Materials and methods

Assumptions and structures—Conifer breeding cycle timelines

We consider two primary conifer breeding approaches; forward selection with clonal testing (FS; Fig 1) and forward selection with genomics (GS, Fig 2). With FS, there are six steps per breeding cycle: 1) crossing parents and generating seeds in a crossing orchard (3 years), 2) sowing seed and preparing stool plants for cuttings (2 years), 3) progeny and field testing, with installation of a clonal crossing archive at the same time (9 years), and 4) scale up the selected individuals with sufficient cones for crossing (3 years). Therefore, the forward selection process has a generation interval of 17 years. Using a genomic selection strategy (GS), progeny field testing is not required. Selection candidates can be ranked based on genomic breeding values (GEBVs) that can be estimated when seedlings are only six months old. The selected trees are kept in a seed orchard for further 5.5 years before crossing can occur. Overall, generation interval can be reduced to 9 years with genomic selection (Fig 2).

Fig 1

Example of conifer breeding cycle for conventional forward selection with a generation interval of 17 years.

Fig 2

Example of conifer breeding cycle for genomic selection with a generation interval of 9 years.

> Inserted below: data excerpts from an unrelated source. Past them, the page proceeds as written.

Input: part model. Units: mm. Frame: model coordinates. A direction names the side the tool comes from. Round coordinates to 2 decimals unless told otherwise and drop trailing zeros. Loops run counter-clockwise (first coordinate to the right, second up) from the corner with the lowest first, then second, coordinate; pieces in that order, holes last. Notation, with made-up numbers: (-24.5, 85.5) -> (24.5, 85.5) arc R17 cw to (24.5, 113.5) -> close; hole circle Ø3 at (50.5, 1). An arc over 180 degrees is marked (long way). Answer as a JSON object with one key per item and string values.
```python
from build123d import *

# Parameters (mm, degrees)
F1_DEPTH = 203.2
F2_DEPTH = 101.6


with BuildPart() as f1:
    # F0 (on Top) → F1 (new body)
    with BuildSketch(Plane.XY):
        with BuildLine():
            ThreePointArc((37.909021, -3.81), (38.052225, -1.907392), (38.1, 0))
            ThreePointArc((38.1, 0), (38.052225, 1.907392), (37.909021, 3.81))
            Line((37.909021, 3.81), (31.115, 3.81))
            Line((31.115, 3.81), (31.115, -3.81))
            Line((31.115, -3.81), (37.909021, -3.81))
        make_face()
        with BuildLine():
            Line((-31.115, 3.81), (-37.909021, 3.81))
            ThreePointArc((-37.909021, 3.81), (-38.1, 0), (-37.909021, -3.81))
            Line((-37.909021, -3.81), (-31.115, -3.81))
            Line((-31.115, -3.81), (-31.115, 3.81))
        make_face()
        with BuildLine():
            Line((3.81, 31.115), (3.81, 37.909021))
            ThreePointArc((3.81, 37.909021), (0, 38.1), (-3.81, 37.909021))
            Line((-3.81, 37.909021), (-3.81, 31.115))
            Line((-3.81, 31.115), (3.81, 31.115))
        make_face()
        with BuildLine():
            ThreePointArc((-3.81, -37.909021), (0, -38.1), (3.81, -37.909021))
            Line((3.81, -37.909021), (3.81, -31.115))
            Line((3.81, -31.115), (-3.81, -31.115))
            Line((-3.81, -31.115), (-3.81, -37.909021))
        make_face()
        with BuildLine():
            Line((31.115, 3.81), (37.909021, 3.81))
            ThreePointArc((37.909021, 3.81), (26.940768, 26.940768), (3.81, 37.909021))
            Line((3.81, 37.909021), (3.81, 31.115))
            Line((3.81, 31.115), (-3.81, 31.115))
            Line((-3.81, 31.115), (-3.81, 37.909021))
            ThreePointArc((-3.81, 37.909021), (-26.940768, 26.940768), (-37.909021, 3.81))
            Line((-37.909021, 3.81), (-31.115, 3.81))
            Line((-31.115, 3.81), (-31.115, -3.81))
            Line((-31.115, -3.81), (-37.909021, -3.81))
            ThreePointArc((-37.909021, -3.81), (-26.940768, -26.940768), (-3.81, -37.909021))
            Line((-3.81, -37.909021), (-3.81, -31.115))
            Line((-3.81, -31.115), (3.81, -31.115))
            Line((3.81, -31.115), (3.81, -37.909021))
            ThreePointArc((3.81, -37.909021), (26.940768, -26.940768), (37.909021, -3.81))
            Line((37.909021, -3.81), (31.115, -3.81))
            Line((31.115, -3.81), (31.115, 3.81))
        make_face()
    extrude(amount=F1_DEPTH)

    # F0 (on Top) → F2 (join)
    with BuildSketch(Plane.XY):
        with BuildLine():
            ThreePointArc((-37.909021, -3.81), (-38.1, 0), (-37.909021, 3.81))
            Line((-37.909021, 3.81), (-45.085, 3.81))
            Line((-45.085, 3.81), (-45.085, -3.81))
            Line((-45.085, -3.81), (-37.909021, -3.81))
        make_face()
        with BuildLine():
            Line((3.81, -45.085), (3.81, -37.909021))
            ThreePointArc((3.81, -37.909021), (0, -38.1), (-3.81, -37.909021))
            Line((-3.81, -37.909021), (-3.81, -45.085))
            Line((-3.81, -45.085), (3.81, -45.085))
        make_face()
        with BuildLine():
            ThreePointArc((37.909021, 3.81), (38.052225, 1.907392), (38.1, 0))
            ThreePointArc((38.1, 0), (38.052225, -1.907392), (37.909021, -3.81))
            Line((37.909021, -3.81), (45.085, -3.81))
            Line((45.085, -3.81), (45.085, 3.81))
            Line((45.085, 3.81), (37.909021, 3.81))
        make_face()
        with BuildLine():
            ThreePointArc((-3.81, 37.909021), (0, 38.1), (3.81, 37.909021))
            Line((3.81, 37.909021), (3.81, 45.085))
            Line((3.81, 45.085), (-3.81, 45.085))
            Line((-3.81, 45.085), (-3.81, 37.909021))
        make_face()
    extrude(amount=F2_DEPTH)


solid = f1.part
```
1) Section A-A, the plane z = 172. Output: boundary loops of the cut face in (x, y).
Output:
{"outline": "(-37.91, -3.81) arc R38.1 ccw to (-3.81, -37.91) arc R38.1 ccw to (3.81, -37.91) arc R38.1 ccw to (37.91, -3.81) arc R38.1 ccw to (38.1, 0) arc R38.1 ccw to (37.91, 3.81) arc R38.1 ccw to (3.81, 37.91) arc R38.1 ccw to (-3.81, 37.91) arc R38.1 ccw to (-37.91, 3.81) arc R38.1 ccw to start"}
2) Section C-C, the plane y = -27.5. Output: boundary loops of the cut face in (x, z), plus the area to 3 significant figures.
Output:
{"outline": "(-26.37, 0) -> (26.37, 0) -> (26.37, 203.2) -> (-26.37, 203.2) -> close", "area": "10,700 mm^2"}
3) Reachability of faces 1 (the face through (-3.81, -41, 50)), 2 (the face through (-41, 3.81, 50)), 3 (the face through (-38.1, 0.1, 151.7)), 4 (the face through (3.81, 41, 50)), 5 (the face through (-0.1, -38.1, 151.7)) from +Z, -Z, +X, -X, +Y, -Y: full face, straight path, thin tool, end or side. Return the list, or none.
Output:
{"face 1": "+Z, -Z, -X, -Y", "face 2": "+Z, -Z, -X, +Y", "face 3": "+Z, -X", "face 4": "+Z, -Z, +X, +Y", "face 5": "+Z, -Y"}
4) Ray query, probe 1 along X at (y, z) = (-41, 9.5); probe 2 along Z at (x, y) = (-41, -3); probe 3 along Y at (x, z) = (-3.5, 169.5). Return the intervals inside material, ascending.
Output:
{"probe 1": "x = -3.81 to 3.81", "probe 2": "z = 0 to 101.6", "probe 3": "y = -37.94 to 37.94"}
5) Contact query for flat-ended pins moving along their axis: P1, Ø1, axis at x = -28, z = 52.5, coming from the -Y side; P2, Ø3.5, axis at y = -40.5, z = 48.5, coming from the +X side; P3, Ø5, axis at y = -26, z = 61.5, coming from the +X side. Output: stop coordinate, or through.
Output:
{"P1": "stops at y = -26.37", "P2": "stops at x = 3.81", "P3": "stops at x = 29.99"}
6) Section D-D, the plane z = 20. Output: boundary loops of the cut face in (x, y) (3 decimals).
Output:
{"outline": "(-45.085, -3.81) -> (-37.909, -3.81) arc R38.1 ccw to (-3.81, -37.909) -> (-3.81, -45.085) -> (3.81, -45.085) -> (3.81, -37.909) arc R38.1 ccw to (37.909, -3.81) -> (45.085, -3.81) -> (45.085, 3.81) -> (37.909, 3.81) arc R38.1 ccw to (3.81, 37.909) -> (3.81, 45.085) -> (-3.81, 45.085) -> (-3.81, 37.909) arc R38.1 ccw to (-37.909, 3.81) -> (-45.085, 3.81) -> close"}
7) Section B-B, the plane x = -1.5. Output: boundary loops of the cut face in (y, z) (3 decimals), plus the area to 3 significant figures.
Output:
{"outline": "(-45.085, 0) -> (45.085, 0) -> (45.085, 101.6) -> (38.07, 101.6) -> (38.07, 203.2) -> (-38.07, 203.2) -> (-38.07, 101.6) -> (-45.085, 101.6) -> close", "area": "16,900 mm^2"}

One time-saving option for shorter breeding cycle relevant to the FS approach, is the establishment of a clonal archive (CA) at the time of progeny testing, where ramets of each clone under progeny testing are also kept in an archive for crossing on a site known to promote good coning. Clones are therefore available with cones for crossing right after selection is made. With this clonal archive option, step 4 is not needed (Fig 1) and the generation interval is reduced to 14 years. This option of forward selection is called forward selection with a clonal archive (FSCA). Top-grafting can also be used to graft juvenile scions of selected individuals onto the top of mature rootstock in order to accelerate coning [45, 46]. This top-grafting process is assumed to reduce the age of coning from 5 years to 3 years and, in turn, reduces the generation interval to 7 years. This option is relevant only to GS and is therefore called genomic selection with top grafting (GSTG).

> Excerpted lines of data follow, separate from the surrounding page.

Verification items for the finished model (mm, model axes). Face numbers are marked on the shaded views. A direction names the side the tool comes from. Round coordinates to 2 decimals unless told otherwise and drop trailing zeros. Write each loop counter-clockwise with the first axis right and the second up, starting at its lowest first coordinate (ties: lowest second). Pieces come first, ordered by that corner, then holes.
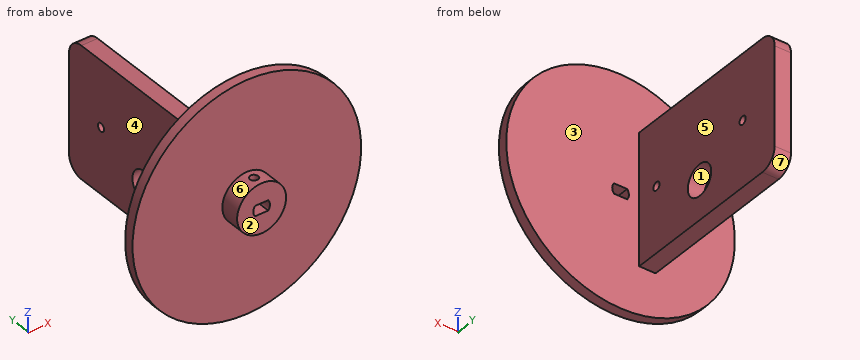
from build123d import *

# Parameters (mm, degrees)
CROQUIS1_R              = 35
SALIENTE_EXTRUIR1_DEPTH = 3
SALIENTE_EXTRUIR2_START = 6
CROQUIS2_R              = 7.5
SALIENTE_EXTRUIR2_DEPTH = 6
CROQUIS3_R              = 1.25
CORTAR_EXTRUIR1_DEPTH   = 6
CROQUIS4_W              = 5
CROQUIS4_H              = 40
SALIENTE_EXTRUIR3_DEPTH = 55
CROQUIS5_R              = 1.25
CROQUIS5_R_2            = 4.75
CORTAR_EXTRUIR2_DEPTH   = 5
REDONDEO1_R             = 5


with BuildPart() as part:
    # Croquis1 → Saliente-Extruir1 (new body)
    with BuildSketch(Plane(origin=(0, 0, 0), x_dir=(1, 0, 0), z_dir=(0, 1, 0))):
        with Locations(Location((0, 0, 0), (0, 0, 270))):
            Circle(CROQUIS1_R)
        with BuildLine():
            Line((-2.024845673, 1.55), (2.024845673, 1.55))
            ThreePointArc((2.024845673, 1.55), (2.55, 0), (2.024845673, -1.55))
            Line((2.024845673, -1.55), (-2.024845673, -1.55))
            ThreePointArc((-2.024845673, -1.55), (-2.55, 0), (-2.024845673, 1.55))
        make_face(mode=Mode.SUBTRACT)
    extrude(amount=SALIENTE_EXTRUIR1_DEPTH)

    # Croquis2 → Saliente-Extruir2 (add)
    with BuildSketch(Plane.XZ.offset(SALIENTE_EXTRUIR2_START)):
        with Locations(Location((0, 0, 0), (0, 0, 90))):
            Circle(CROQUIS2_R)
        with BuildLine():
            Line((-2.024845673, 1.55), (2.024845673, 1.55))
            ThreePointArc((2.024845673, 1.55), (2.55, 0), (2.024845673, -1.55))
            Line((2.024845673, -1.55), (-2.024845673, -1.55))
            ThreePointArc((-2.024845673, -1.55), (-2.55, 0), (-2.024845673, 1.55))
        make_face(mode=Mode.SUBTRACT)
    extrude(amount=-SALIENTE_EXTRUIR2_DEPTH)

    # Croquis3 → Cortar-Extruir1 (cut)
    with BuildSketch(Plane(origin=(0, 0, 1.55), x_dir=(-1, 0, 0), z_dir=(0, 0, -1))):
        with Locations((0, -3)):
            Circle(CROQUIS3_R)
    extrude(amount=-CORTAR_EXTRUIR1_DEPTH, mode=Mode.SUBTRACT)

    # Croquis4 → Saliente-Extruir3 (add)
    with BuildSketch(Plane(origin=(0, 3, 0), x_dir=(1, 0, 0), z_dir=(0, 1, 0))):
        with Locations((-8.215048019, 0)):
            Rectangle(CROQUIS4_W, CROQUIS4_H)
    extrude(amount=SALIENTE_EXTRUIR3_DEPTH)

    # Croquis5 → Cortar-Extruir2 (cut)
    with BuildSketch(Plane.ZY.offset(10.715048019)):
        with Locations((0, 45)):
            Circle(CROQUIS5_R)
        with Locations((0, 10)):
            Circle(CROQUIS5_R)
        with Locations((-8, 27.5)):
            Circle(CROQUIS5_R_2)
    extrude(amount=-CORTAR_EXTRUIR2_DEPTH, mode=Mode.SUBTRACT)

    # Redondeo1
    redondeo1_edges = [part.edges().sort_by_distance(p)[0] for p in [
        (-8.215048019, 58, -20),
        (-8.215048019, 58, 20),
    ]]
    fillet(redondeo1_edges, radius=REDONDEO1_R)


solid = part.part
Q1. Material ranges on line 1 along Y through (x, z) = (-6, 0); line 2 along X through (y, z) = (17, 17); line 3 along Y through (x, z) = (17.5, 18), recorded low to high.
Recorded:
line 1: y = -6 to 8.75, 11.25 to 43.75, 46.25 to 58
line 2: x = -10.72 to -5.72
line 3: y = 0 to 3
Q2. Sectioned sample at D-D (y = -3). Enter the section's corners in (x, z).
Recorded:
outline: (-2.02, -1.55) arc R2.55 cw to (-2.02, 1.55) - (-1.25, 1.55) - (-1.25, 7.4) arc R7.5 ccw (long way) to (1.25, 7.4) - (1.25, 1.55) - (2.02, 1.55) arc R2.55 cw to (2.02, -1.55) - close
Q3. Sectioned sample at B-B (y = 45). Enter the section's corners in (x, z).
Recorded:
outline: (-10.72, -20) - (-5.72, -20) - (-5.72, -1.25) - (-10.72, -1.25) - close; (-10.72, 1.25) - (-5.72, 1.25) - (-5.72, 20) - (-10.72, 20) - close
Q4. Sectioned sample at A-A (z = 0). Enter the section's corners in (x, y).
Recorded:
outline: (-35, 0) - (-7.5, 0) - (-7.5, -6) - (-2.55, -6) - (-2.55, 3) - (-5.72, 3) - (-5.72, 8.75) - (-10.72, 8.75) - (-10.72, 3) - (-35, 3) - close; (-10.72, 11.25) - (-5.72, 11.25) - (-5.72, 43.75) - (-10.72, 43.75) - close; (-10.72, 46.25) - (-5.72, 46.25) - (-5.72, 58) - (-10.72, 58) - close; (2.55, -6) - (7.5, -6) - (7.5, 0) - (35, 0) - (35, 3) - (2.55, 3) - close
Q5. Depth check by flat-ended pin: P1, Ø12, axis at y = 50, z = -24, coming from the +X side; P2, Ø4, axis at x = -13, y = 3.5, coming from the -Z side; P3, Ø1.5, axis at x = 16, z = 6, coming from the -Y side. Enter the tip coordinate at first touch or a pass-through.
Recorded:
P1: stops at x = -5.72
P2: stops at z = -33.21
P3: stops at y = 0
Q6. Tool access check on the marked faces 5, 6 and 7. Record the directions out of +Z, -Z, +X, -X, +Y, -Y that give a thin tool (end or side, any length) a straight path to the whole face; none if there is none.
Recorded:
face 5: +Z, -Z, +X, +Y
face 6: -Y
face 7: -Z, +X, -X, +Y
Q7. Sectioned sample at C-C (z = -17.5). Enter the section's corners in (x, y), plus the area to 3 significant figures.
Recorded:
outline: (-30.31, 0) - (30.31, 0) - (30.31, 3) - (-5.72, 3) - (-5.72, 57.33) - (-10.72, 57.33) - (-10.72, 3) - (-30.31, 3) - close
area: 454 mm2
Q8. Release check for a two-part mould opening along Y. For the marked faces 1, 2, 3 and 4 record: released by +Y, released by -Y, zero draft, split by the parting line, or undercut.
Recorded:
face 1: undercut
face 2: released by -Y
face 3: released by +Y
face 4: zero draft

Assumptions and structures—Deployment pathways

Two deployment pathways were simulated to ensure the best selections reach the forest: deploying progeny or deploying clones (Fig 3). The first option is to generate seeds by crossing the selected trees, establishing individual plants as stool beds (mother plants) from which cuttings are taken and then deploying rooted cuttings into the forest with the following steps: graft the selected trees (three years) → cross and generate seeds (three years) → either i) sow seeds or ii) use embryogenesis to generate trees for planting (one additional year) → stool plants (one year) → deployment in the forest. It therefore takes eight years from selection to deployment in the forest for FS. For the forward selection with clonal archive (FSCA) and genomic selection (GS and GSTG) pathways, traditional grafting is not needed, so that only five years from selection to deployment in the forest are required.

Fig 3

Two deployment options: Deployment of progeny or clones of the selected trees.

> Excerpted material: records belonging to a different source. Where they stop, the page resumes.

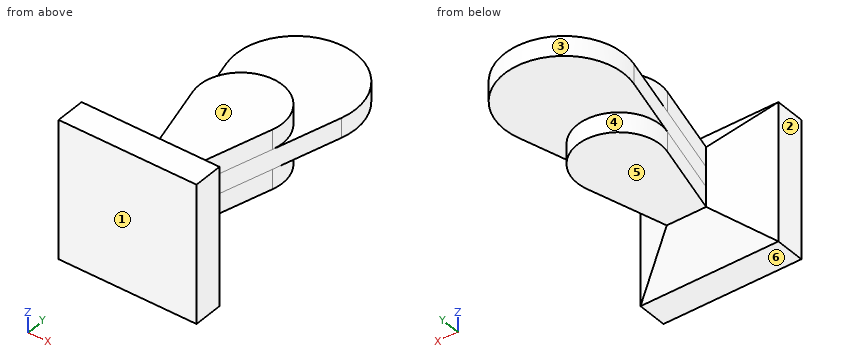
from build123d import *

# Parameters (mm, degrees)
SKETCH1_W      = 70
SKETCH1_H      = 70
EXTRUDE1_DEPTH = 15
SKETCH2_W      = 70
SKETCH2_H      = 70
SKETCH3_W      = 20
SKETCH3_H      = 30
EXTRUDE2_DEPTH = 5
EXTRUDE3_DEPTH = 15


with BuildPart() as part:
    # Sketch1 → Extrude1 (new body)
    with BuildSketch(Plane(origin=(0, 0, 0), x_dir=(1, 0, 0), z_dir=(0, 1, 0))):
        Rectangle(SKETCH1_W, SKETCH1_H)
    extrude(amount=EXTRUDE1_DEPTH)

    # Sketch2 → Loft1 section 0
    with BuildSketch(Plane(origin=(0, 15, 0), x_dir=(-1, 0, 0), z_dir=(0, 1, 0))):
        Rectangle(SKETCH2_W, SKETCH2_H)
    # Sketch3 → Loft1 section 1
    with BuildSketch(Plane(origin=(0, 30, 0), x_dir=(-1, 0, 0), z_dir=(0, 1, 0))):
        Rectangle(SKETCH3_W, SKETCH3_H)
    loft()

    # Sketch4 → Extrude2 (add, symmetric)
    with BuildSketch(Plane.XY):
        with BuildLine():
            Line((10, 30), (29.257681763, 101.870646776))
            ThreePointArc((29.257681763, 101.870646776), (0, 140), (-29.257681763, 101.870646776))
            Line((-29.257681763, 101.870646776), (-10, 30))
            Line((-10, 30), (10, 30))
        make_face()
    extrude(amount=EXTRUDE2_DEPTH, both=True)

    # Sketch5 → Extrude3 (add, symmetric)
    with BuildSketch(Plane.XY):
        with BuildLine():
            Line((20.320734039, 68.517503805), (10, 30))
            Line((10, 30), (-10, 30))
            Line((-10, 30), (-20.320734039, 68.517503805))
            ThreePointArc((-20.320734039, 68.517503805), (0, 95), (20.320734039, 68.517503805))
        make_face()
    extrude(amount=EXTRUDE3_DEPTH, both=True)


solid = part.part
Geometry: final body of the model. Coordinates: model frame, mm. Face numbers are marked on the shaded views. A direction names the side the tool comes from. Give positions to 0.01 mm unless a question says otherwise; leave off trailing zeros. Loops run counter-clockwise (first coordinate to the right, second up) from the corner with the lowest first, then second, coordinate; pieces in that order, holes last. Notation, with made-up numbers: (82, 60) - (104, 60) arc R8 ccw to (104, 70) - close; hole circle Ø7 at (20.25, 87.5). An arc over 180 degrees is marked (long way). Answer as CSV lines item,"result". Start each with the question number.
1. Section B-B, the plane y = 38. Return loops of the section in (x, z).
2. Reachability of the marked faces 4, 5, 6 and 7 from +Z, -Z, +X, -X, +Y, -Y: full face, straight path, thin tool, end or side. Return the list, or none.
3. Ray query, L1, parallel to Y at x = 1, z = -6; L2, parallel to Y at x = -1, z = -16; L3, parallel to Z at x = 9, y = 88. Return the intervals inside material, ascending.
4. Pin query (flat end, axial travel): P1, Ø18, axis at x = 3, y = 118, coming from the -Z side; P2, Ø1.5, axis at x = -15.5, y = 102, coming from the +Z side; P3, Ø21, axis at x = 2, y = 50.5, coming from the -Z side. Return the tip coordinate at first contact, or that it passes through.
5. Section A-A, the plane y = 81. Return loops of the section in (x, z).
6. Draft query along Y for the marked faces 1, 2 and 3. Return one class per face: released by +Y, released by -Y, zero draft, split by the parting line, or undercut.
Answers:
1,outline,"(-12.14, -15) - (12.14, -15) - (12.14, 15) - (-12.14, 15) - close"
2,face 4,"-Z"
2,face 5,"-Z, +X, -X, +Y"
2,face 6,"-Z, +X, -X, +Y, -Y"
2,face 7,"+Z, +X, -X, +Y"
3,L1,"y = 0 to 94.98"
3,L2,"y = 0 to 29.25"
3,L3,"z = -15 to 15"
4,P1,"stops at z = -5"
4,P2,"stops at z = 5"
4,P3,"stops at z = -15"
5,outline,"(-23.67, -5) - (-19.83, -5) - (-19.83, -15) - (19.83, -15) - (19.83, -5) - (23.67, -5) - (23.67, 5) - (19.83, 5) - (19.83, 15) - (-19.83, 15) - (-19.83, 5) - (-23.67, 5) - close"
6,face 1,"released by -Y"
6,face 2,"zero draft"
6,face 3,"undercut"

The second option is to deploy clones of selected trees, where immature seeds (embryos) of all progeny are collected during step 1 of the breeding cycle as described in Figs 1 and 2. Somatic embryogenesis is then used to generate plants which are subsequently established as stool beds to produce cuttings. (We have assumed all genotypes are able to go through this process). Tissue of all the genotypes tested in the field are preserved in liquid nitrogen (-120°C) while the trees are grown and can be assessed. Once selections are made from field tests, phenotypes or GEBVs, the preserved cell lines of the selected trees are thawed and cuttings are prepared via stool beds in the nursery, for large-scale clonal deployment. Generating and deploying cuttings to the forest takes one year. There are eight combinations for deployment between the four breeding and selection schemes (FS, GS, FSCA, GSTG) and two generic deployment options (via seed or clones). Table 1 summarizes these selection combinations, their generation intervals, numbers of years needed from crossing the parents to selection and from selection to deployment in the forest.

Table 1

Four selection schemes in breeding population, their combinations with two deployment options, generation interval, numbers of years needed from crossing parents to selection and from selection to deployment in the forest.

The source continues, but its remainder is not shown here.